Stored entries:

==========

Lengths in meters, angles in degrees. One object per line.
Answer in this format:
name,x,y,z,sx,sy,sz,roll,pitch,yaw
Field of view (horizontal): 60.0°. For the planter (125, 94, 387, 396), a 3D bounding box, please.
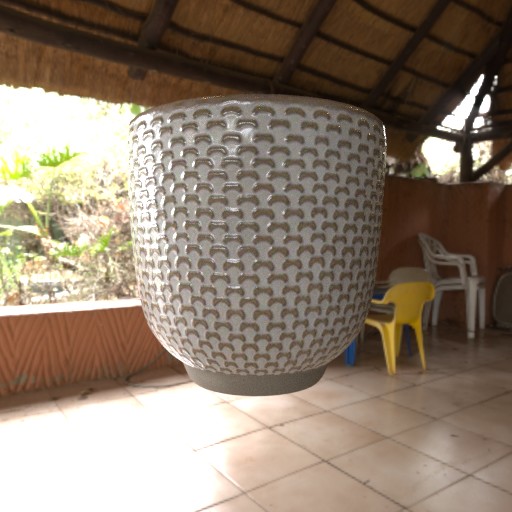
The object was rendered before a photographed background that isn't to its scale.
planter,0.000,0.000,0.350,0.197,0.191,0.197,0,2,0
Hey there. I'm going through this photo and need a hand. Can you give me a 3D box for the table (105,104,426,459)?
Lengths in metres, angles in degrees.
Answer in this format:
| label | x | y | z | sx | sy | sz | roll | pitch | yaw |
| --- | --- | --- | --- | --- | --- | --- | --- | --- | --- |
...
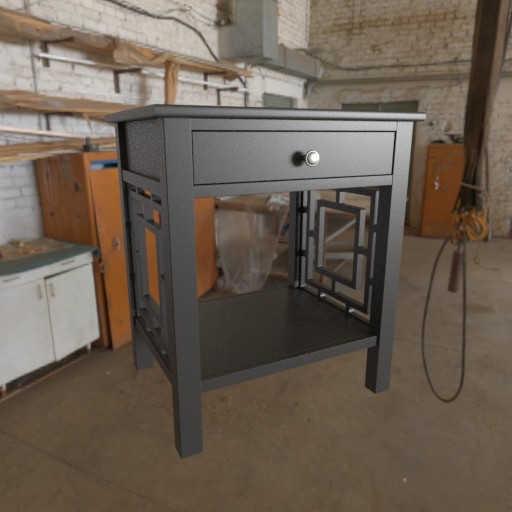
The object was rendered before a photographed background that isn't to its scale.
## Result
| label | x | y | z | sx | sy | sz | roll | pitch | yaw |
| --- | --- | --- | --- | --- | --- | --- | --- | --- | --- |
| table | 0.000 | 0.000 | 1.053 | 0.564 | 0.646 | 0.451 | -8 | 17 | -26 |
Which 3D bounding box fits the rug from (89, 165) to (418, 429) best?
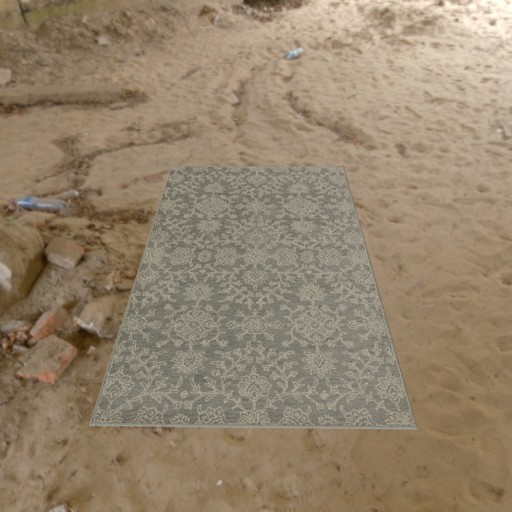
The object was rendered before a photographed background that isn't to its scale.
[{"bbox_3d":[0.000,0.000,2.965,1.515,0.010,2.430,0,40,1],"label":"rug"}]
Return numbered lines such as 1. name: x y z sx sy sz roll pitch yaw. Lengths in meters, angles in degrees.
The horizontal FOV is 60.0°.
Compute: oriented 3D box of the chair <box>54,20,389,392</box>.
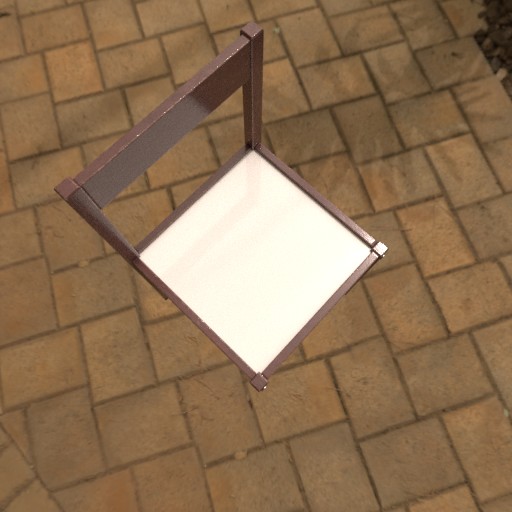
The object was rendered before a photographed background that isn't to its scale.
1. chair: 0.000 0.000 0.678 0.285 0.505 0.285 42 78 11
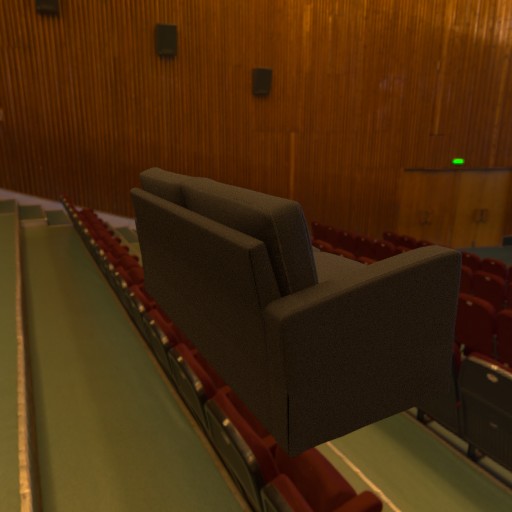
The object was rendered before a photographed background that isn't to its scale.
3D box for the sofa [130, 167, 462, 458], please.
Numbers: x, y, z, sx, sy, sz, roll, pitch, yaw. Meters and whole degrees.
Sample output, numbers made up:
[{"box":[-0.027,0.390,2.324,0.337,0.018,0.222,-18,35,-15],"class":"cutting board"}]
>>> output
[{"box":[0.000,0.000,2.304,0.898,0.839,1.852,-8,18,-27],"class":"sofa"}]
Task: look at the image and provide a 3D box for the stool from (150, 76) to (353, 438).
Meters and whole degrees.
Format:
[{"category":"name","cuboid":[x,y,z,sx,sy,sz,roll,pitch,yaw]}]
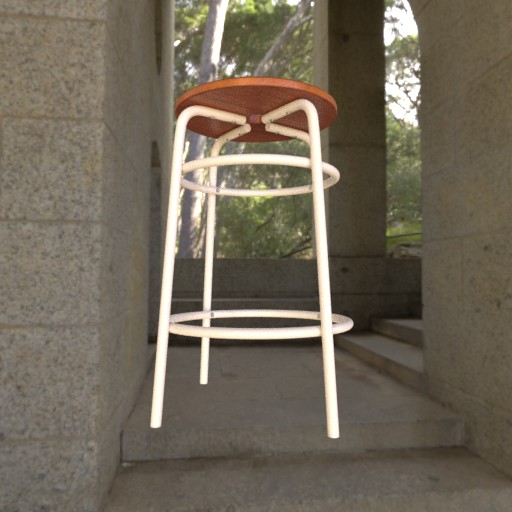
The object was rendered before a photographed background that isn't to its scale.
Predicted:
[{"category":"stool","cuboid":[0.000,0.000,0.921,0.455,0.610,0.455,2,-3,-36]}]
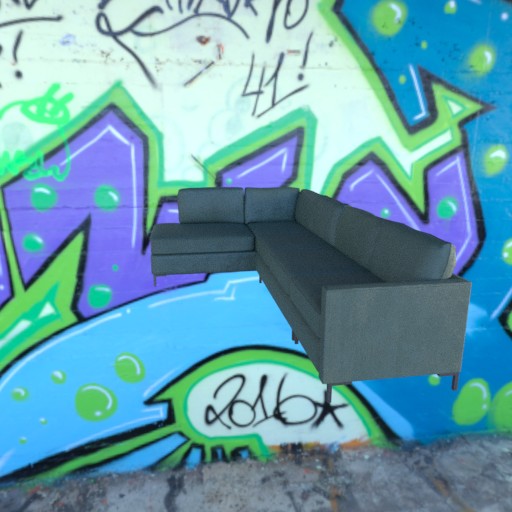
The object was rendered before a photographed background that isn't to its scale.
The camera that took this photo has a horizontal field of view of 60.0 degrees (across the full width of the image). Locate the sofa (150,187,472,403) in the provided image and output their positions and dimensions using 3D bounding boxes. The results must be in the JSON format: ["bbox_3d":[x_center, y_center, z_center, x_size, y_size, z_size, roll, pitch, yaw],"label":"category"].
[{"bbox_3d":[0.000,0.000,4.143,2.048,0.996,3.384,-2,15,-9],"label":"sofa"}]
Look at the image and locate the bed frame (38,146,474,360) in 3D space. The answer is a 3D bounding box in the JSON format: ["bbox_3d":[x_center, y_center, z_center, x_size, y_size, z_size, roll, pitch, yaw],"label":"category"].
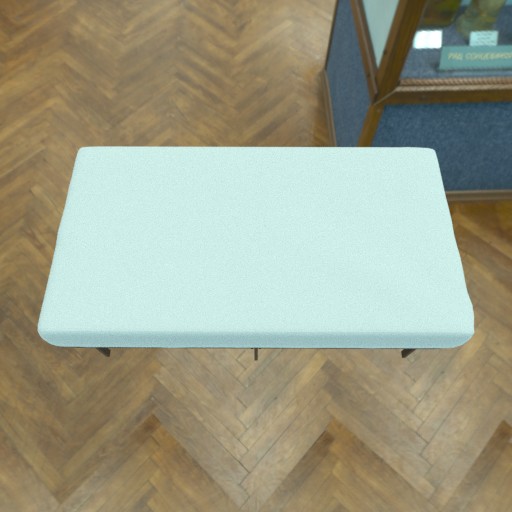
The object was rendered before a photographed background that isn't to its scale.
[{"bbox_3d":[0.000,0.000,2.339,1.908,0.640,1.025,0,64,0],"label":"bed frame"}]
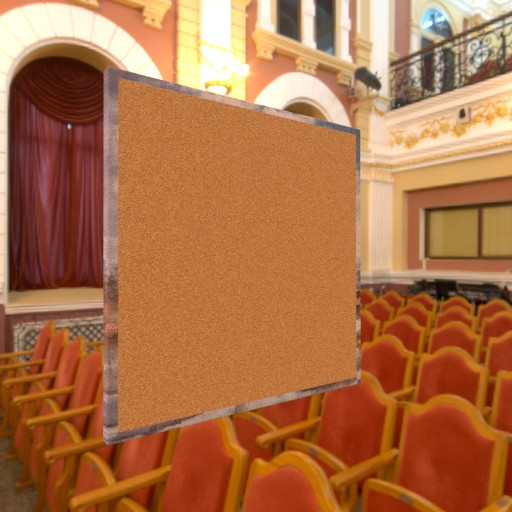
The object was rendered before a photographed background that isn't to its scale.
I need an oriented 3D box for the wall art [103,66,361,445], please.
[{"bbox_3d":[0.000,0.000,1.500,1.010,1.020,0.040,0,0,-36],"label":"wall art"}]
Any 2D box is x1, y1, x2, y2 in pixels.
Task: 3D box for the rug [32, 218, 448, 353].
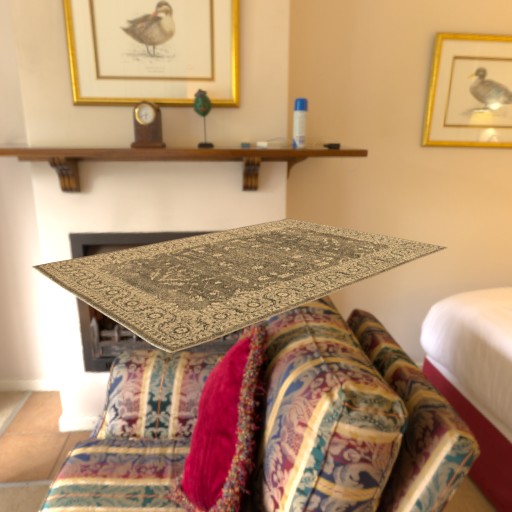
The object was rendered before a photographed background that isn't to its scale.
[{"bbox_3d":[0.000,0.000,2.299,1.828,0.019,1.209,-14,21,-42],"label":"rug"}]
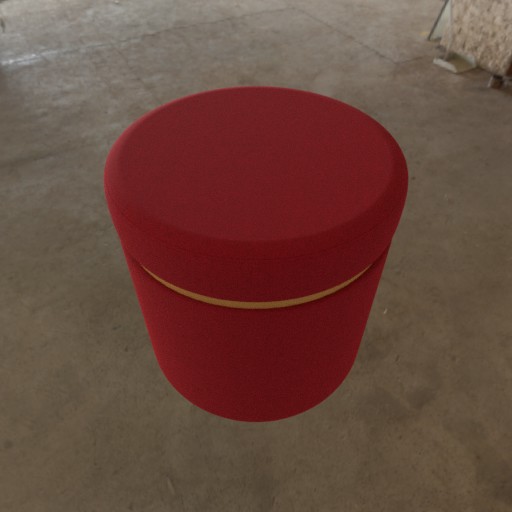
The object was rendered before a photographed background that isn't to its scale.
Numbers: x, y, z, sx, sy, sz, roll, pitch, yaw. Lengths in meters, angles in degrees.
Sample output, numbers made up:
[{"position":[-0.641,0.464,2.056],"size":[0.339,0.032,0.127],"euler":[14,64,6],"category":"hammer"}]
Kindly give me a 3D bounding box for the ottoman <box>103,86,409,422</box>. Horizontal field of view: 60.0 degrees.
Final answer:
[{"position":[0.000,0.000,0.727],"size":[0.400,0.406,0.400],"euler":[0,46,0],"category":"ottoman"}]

==========

**What is required**
Scan the records for the word "whole". Copy each line where it turns up.

**Answer for this exercise**
Numbers: x, y, z, sx, sy, sz, roll, pitch, yaw. Meters and whole degrees.
Meters and whole degrees.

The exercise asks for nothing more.